Учителя видела мало, – он уезжает сегодня, разговаривали о том, о сём… впечатление получилось обыкновенного среднего интеллигента, только на рояле хорошо играет – вот его талант.
От молодого учёного я ожидала несравненно больше, и с удовольствием ждала все эти дни подряд часа, когда он выходил в огород на работу: ему велено копаться в земле ежедневно часа два-три.
Мы работали рядом. Я начала было подходящий разговор…
Ответы “да” и “нет”… правда, весьма вежливым тоном. Но всётаки это немного.
И как только его знакомая показывается – всегда перед окончанием срока его работы – он быстро бросает всё и идёт за ней.
“Не разберёшь их отношений… всегда путешествуют вместе”, – сказал “хозяин”.
А я так отлично разобрала.

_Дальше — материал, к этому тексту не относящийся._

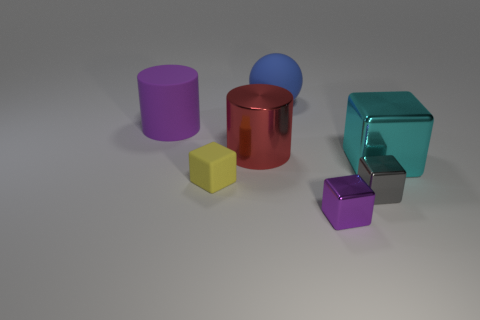Subtract all tiny gray metallic cubes. How many cubes are left? 3 Add 1 big cyan rubber blocks. How many objects exist? 8 Subtract all red cylinders. How many cylinders are left? 1 Add 2 gray shiny things. How many gray shiny things are left? 3 Add 6 small purple objects. How many small purple objects exist? 7 Subtract 1 gray cubes. How many objects are left? 6 Subtract all cylinders. How many objects are left? 5 Subtract 1 cylinders. How many cylinders are left? 1 Subtract all purple balls. Subtract all red cubes. How many balls are left? 1 Subtract all cyan cylinders. How many cyan blocks are left? 1 
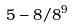Convert formula to latex. <formula><loc_0><loc_0><loc_500><loc_500>5 - 8 / 8 ^ { 9 }</formula>

И только одного не понимаю: отчего, если он влюблён в одну женщину, относится с такой беспощадной сухостью и сдержанностью к другой, которую судьба случайно, на время, поставила рядом с ним?
Ведь я с ним не кокетничаю; не может он, что ли, держать что наз. juste milieu {Золотую середину (франц.).} – не будучи влюблённым – относиться ко всякой другой интеллигентной знакомой женщине более просто, более по-товарищески?
Тщетно позондировав почву научную и литературную, я попробовала обратиться к действительной, и спросила сегодня, как он смотрит на физический труд, нравится ли он ему.
– Терпеть его не могу; только по приказанию врачей и работаю… – снисходительно отвечал он.
– Что же вам нравится?
– Работа умственная.
– Но за что ж с такой неприязнью относиться к физическому труду? ведь он в сущности необходим. И как это у вас самих иногда не является желание упражнять свои мускулы, свою силу не на гире, не на гимнастике, а на полезном, здоровом труде.
– Неприятно это… работать.. Ну, вот, – копаю, копаю, – скоро ли кончу? – скорее писать пойду.
Мне хотелось доказать ему, что ещё неизвестно, насколько талантливы, полезны будут его учёные труды, а что хорошо вскопанная им гряда будет полезна – это вне сомнения, и поэтому он не имеет никакого нравственного права так относиться к тому роду труда, которым живут миллионы людей…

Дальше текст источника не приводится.